TTFT and p95 Latency for LLMs
LLM latency has two parts. Time to first token (TTFT) is how long the API takes to emit the first byte — determined by queueing, prompt processing, and speculative decoding warmup. Inter-token latency (ITL), or the inverse, tokens per second, determines how long the rest of the response takes.
Why splitting them matters
For a chat UI, TTFT is what users perceive as speed. A 300ms TTFT with 60 tok/s feels instant. A 2s TTFT with 200 tok/s feels broken even though the total time is shorter. Always measure both.
For async jobs (batch summarization, embedding pipelines), total time is what matters; optimize throughput instead.
Typical numbers (April 2026, measured end-user)
- Claude Sonnet 4.6 — p50 TTFT ~500ms, 85 tok/s output.
- GPT-5 — p50 TTFT ~700ms, 70 tok/s output.
- DeepSeek V3 via Fireworks — p50 TTFT ~250ms, 140 tok/s.
- Llama 3.3 70B via Together — p50 TTFT ~200ms, 120 tok/s.
- Groq/Cerebras — sub-100ms TTFT, 500+ tok/s on supported models.
What inflates TTFT
- Large uncached prompts. Every 100k tokens of fresh input adds a second or more of prompt processing.
- Cold model on the provider side. Rare models fall out of residency; first request warms it up.
- Tool-use loops. Each tool-call round trip adds a full TTFT on both the model side and your server side.
- Geographic distance. A US-East user hitting a US-West endpoint pays ~80ms of network on every round trip.
What cuts TTFT
- Prompt caching. Drops prompt-processing to near zero on hits.
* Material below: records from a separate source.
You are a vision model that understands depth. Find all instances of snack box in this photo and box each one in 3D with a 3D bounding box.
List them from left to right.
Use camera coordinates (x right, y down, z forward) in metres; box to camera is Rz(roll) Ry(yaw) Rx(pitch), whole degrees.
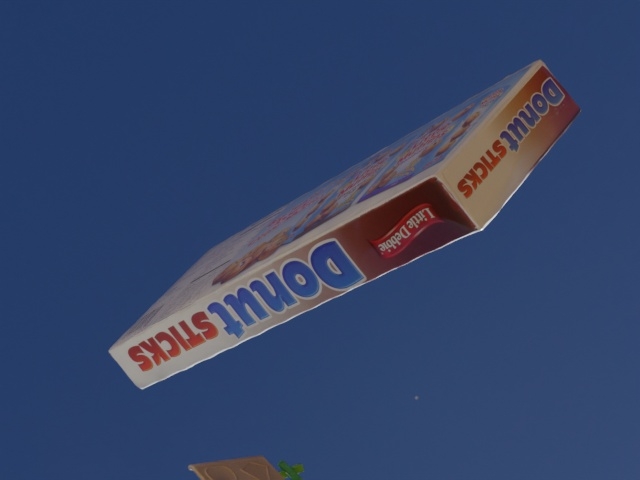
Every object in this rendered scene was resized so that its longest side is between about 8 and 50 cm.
[{"bbox_3d":[0.000,0.000,0.462,0.022,0.178,0.064,52,-130,-9],"label":"snack box"}]

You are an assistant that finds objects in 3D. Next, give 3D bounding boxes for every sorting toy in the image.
[{"bbox_3d":[-0.033,0.151,0.895,0.062,0.083,0.012,36,-64,41],"label":"sorting toy"}]

- Streaming. You can't reduce TTFT, but the user sees tokens sooner overall.
- Route by region. Most providers have regional endpoints; use the closest.
- Prefer speculative-decoding providers (Fireworks, Together) for open models.
Failure modes
- p95 blindness. Your p50 is 400ms; your p95 is 8 seconds because 5% of requests hit a rate-limit retry path. Users feel p95, not p50.
- Streaming broken by proxies. A corporate proxy buffers the response and TTFT jumps to total-response time. Test from real client networks.
- Silent model downgrade. Provider rolls out a new serving stack, ITL drops 40%. Without alerting you miss it for weeks.
When NOT to optimize
Background jobs and nightly analytical pipelines do not need sub-second TTFT. Trade latency for cost by using batch APIs and larger prompt sizes.